London: Britain's Foreign Secretary Boris Johnson has blamed Jeremy Corbyn and Sadiq Khan for US President Donald Trump's decision to abandon a visit to London, as he vowed not to let the Labour leader and London mayor put the "crucial relationship at risk."
Trump-critics and Brexit opponents seized on the President's announcement via a tweet, to say the breakdown showed there was no guarantee the US and UK would strike a quick trade deal after Brexit, as supporters of the 'leave' campaign have insisted.
Trump cancels trip to Britain
US President Donald Trump sights his disapproval of the new location of the US embassy as a reason to cancel what would have been his first official visit to the United Kingdom.
Mr Trump announced on Twitter that his London trip, originally planned for 2017, was cancelled, citing the move of the the US embassy from its prestigious Mayfair location to the regenerated Battersea area south of the river Thames, which he wrongly attributed to the Obama administration, as his reason.
The decision to move from Grosvenor Square was made when George W. Bush was in the White House and was announced by the then Ambassador Robert Tuttle, a Bush appointee.
London's first Muslim mayor Sadiq Khan, who Mr Trump has personally targeted over the city's terrorist attacks, said that the president's visit would have "without doubt been met by mass peaceful protests."
"It appears that President Trump got the message from the many Londoners who love and admire America and Americans but find his policies and actions the polar opposite of our city's values of inclusion, diversity and tolerance," Khan said on Facebook.
"This just reinforces what a mistake it was for Theresa May to rush and extend an invitation of a state visit in the first place. Let's hope that Donald Trump also revisits the pursuit of his divisive agenda."
But Foreign Secretary Boris Johnson hit back, calling his successor at City Hall a "pompous popinjay" for putting one of the UK's most important relationships at risk.
The US is the biggest single investor in the UK - yet Khan & Corbyn seem determined to put this crucial relationship at risk. We will not allow US-UK relations to be endangered by some puffed up pompous popinjay in City Hall.— Boris Johnson (@BorisJohnson) January 12, 2018
Johnson has in the past defended Khan against Trump's personal attacks but insisted Trump's visit would go ahead. A month ago, the US ambassador to Britain, Woody Johnson, told the BBC's Radio 4 Today program: "absolutely, I think he will come."
Trump was expected to cut the ribbon the Nine Elms embassy in February but that task is now anticipated to fall to Secretary of State Rex Tillerson.
Trump's visit spares May a headache
Trump's visit will spare British prime minister Theresa May a headache in the short-term. She was the first leader to visit Trump in the White House after his inauguration almost a year ago, when she issued him an invitation for a state visit which would have included an audience with the Queen.

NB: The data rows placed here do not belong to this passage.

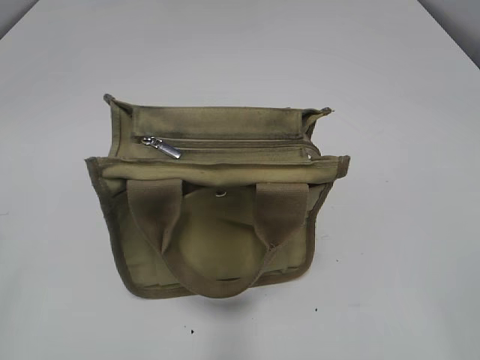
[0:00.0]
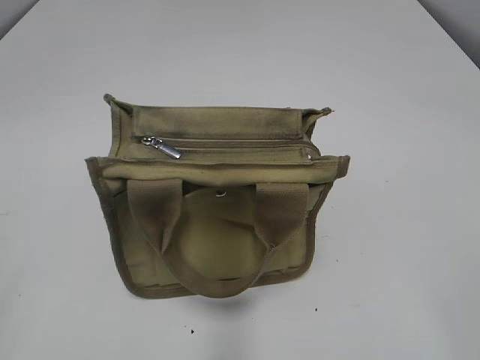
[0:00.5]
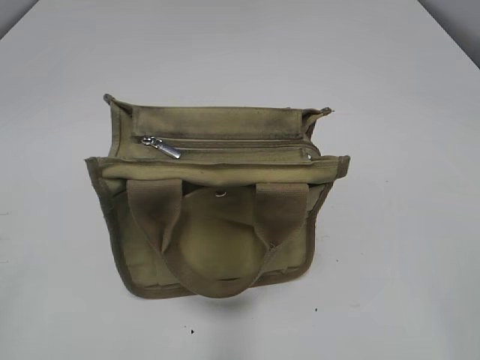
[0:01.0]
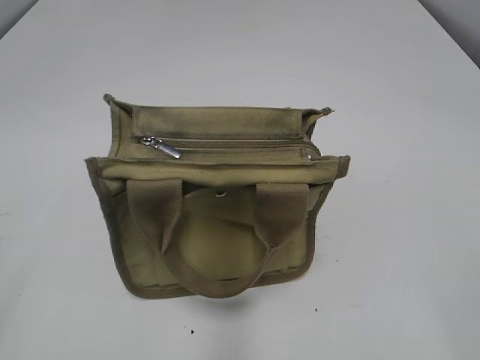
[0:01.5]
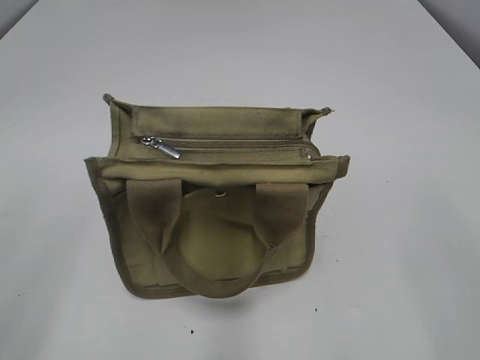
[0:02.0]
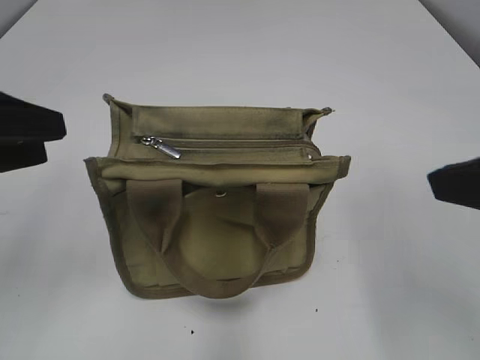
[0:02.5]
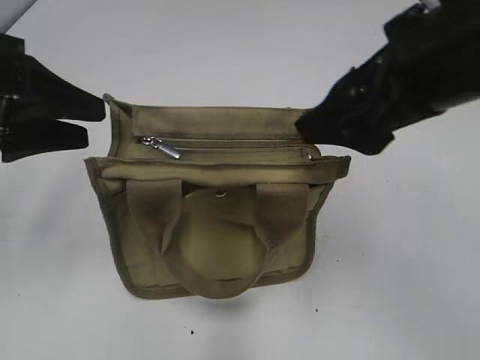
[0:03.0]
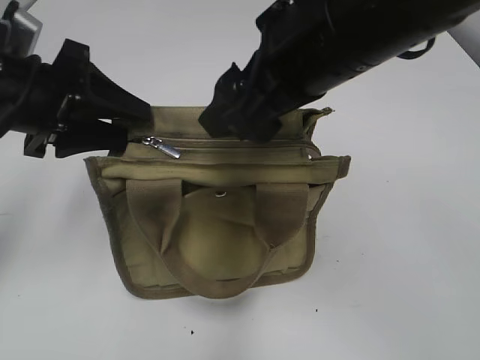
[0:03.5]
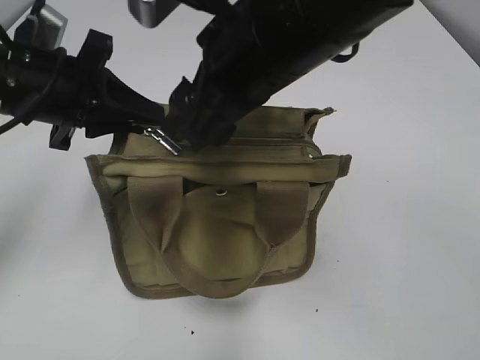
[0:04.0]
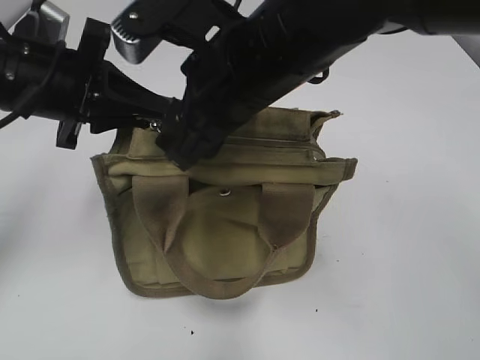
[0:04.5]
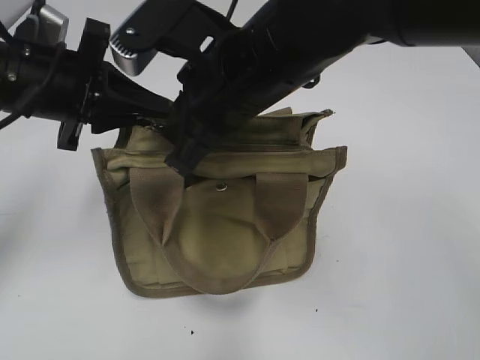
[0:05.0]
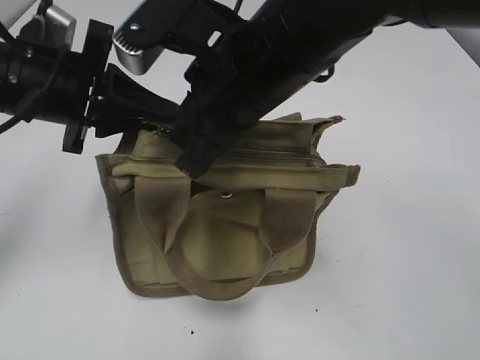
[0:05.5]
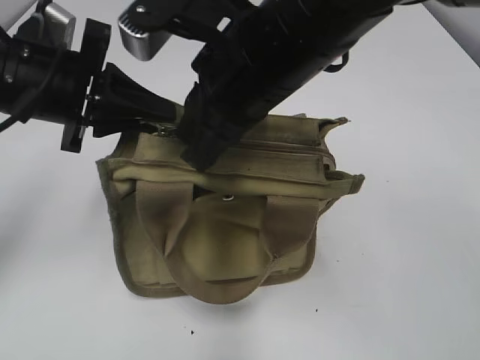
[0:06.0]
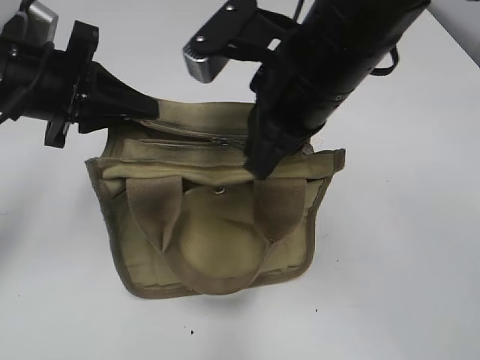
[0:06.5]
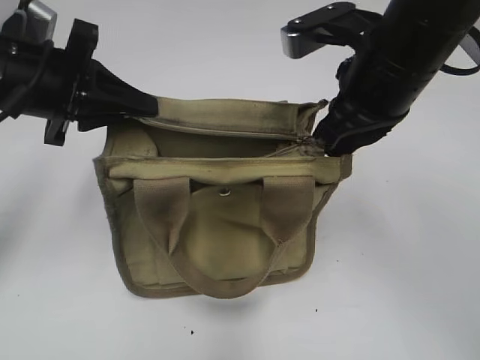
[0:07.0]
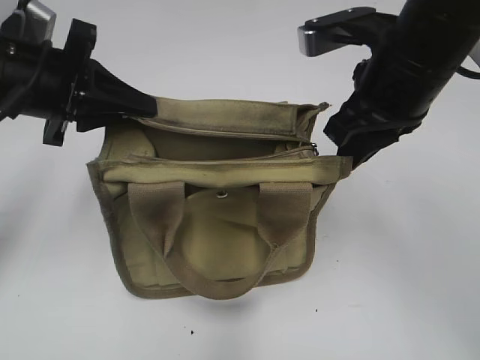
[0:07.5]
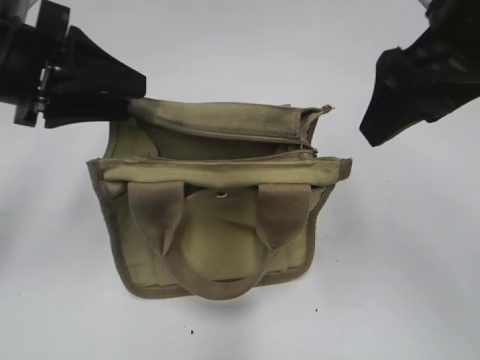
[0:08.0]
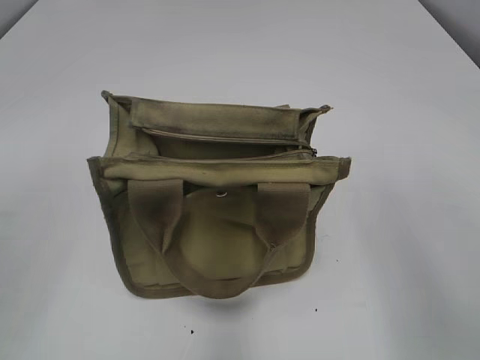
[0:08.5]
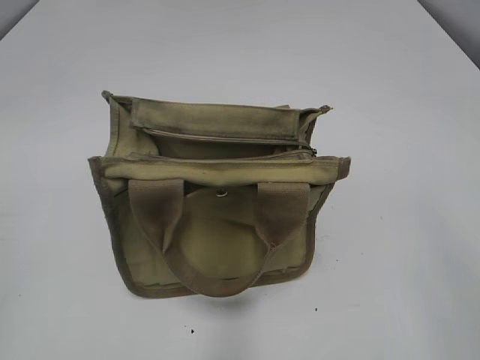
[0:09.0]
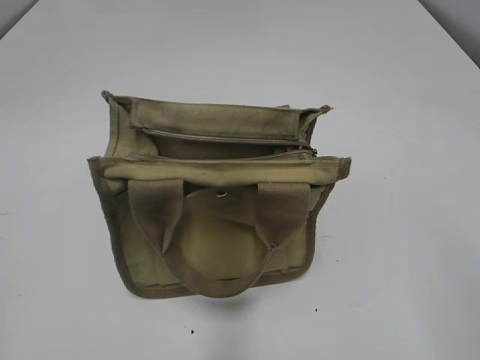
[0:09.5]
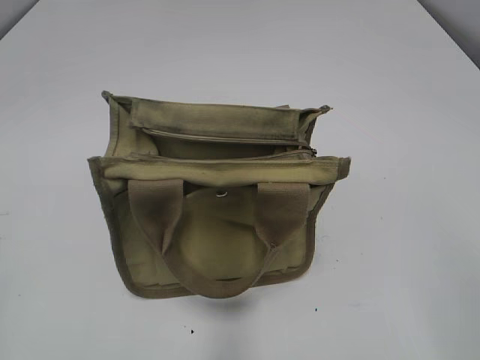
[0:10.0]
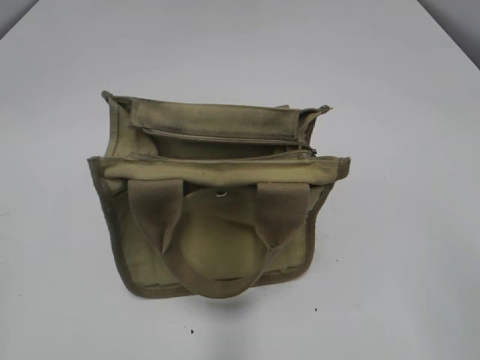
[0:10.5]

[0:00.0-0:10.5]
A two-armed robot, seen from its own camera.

That was met with a backlash at home. Almost two million people signed a petition calling for the visit to be cancelled, forcing a debate in parliament. That culminated in the Speaker of the Commons, John Bercow, declaring that Trump would not be allowed to address the parliament from Westminster Hall, as past presidents including Barack Obama and Ronald Reagan have done.
May and Trump have previously talked up the prospect of the UK and US striking a trade deal once Britain leaves the EU. The ability to strike trade deals independently of the EU was one of the key arguments put forward by the 'leave' campaign during the referendum in 2016. But 'remain' supporters fear any trade deal will be struck in haste to prove Brexit is a success and leave Britain compromised.

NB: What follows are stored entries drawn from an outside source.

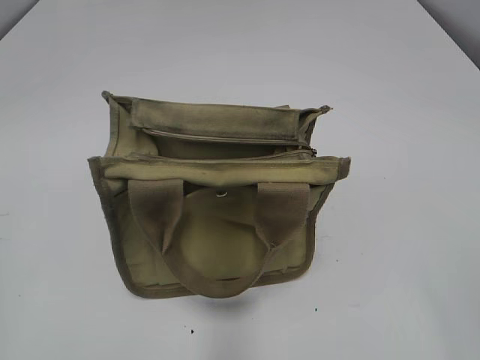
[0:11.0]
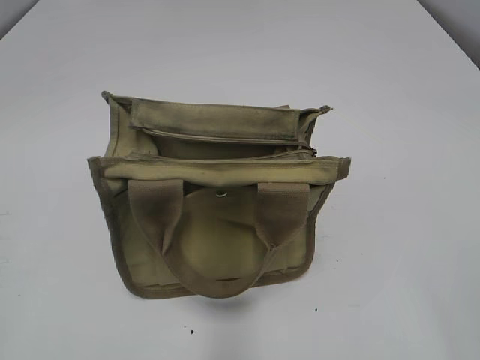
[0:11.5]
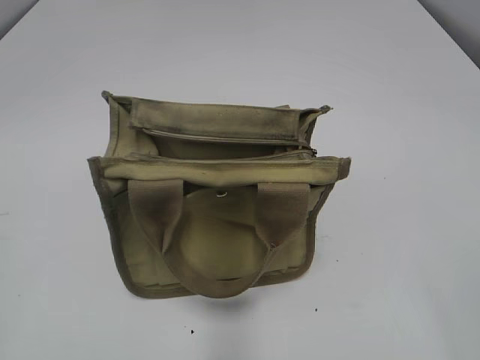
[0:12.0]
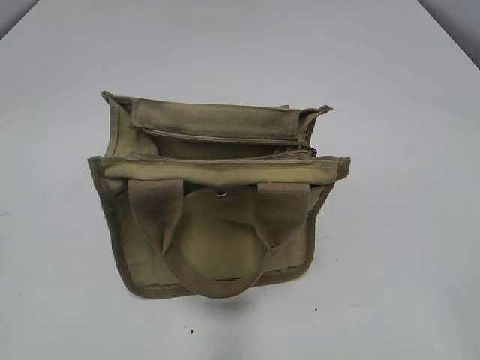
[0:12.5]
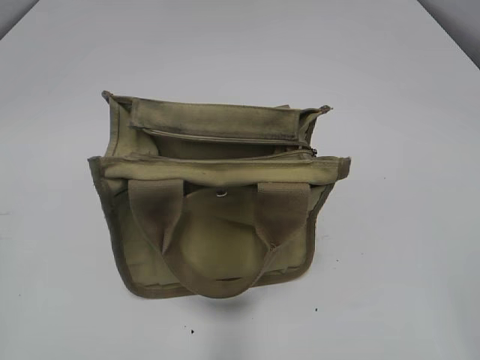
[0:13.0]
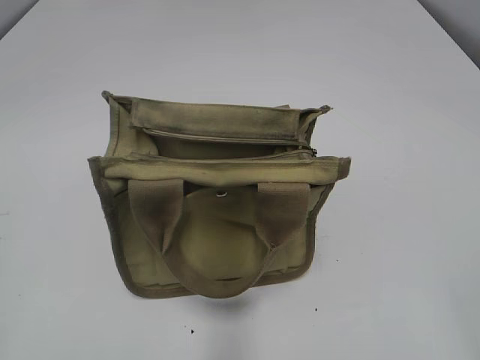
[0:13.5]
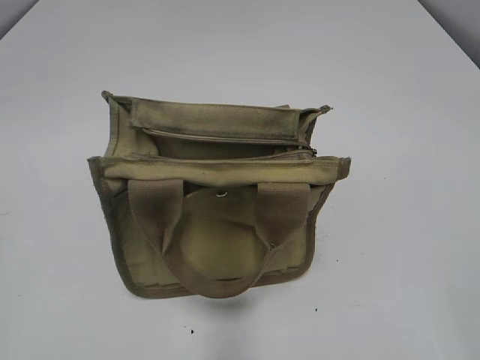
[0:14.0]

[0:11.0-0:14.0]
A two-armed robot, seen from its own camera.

Labour MP Chukka Umuma, a campaigner with the pressure group Open Britain, said Trump's "dummy spit" showed the US would be an unreliable partner for as long as Trump was president.
"The current president of the United States is a protectionist who runs scared of debate and protest," he said.
"A man who is unwilling to open his own Embassy in this country is never going to open the door to a properly beneficial trade deal with the UK. It is neither politically astute nor economically sensible to abandon our largest trading partner and instead go cap in hand to a capricious demagogue."
In 2016, the US was the UK's largest customer, buying 16 per cent of the country's exports, valued at £36 billion ($62 billion).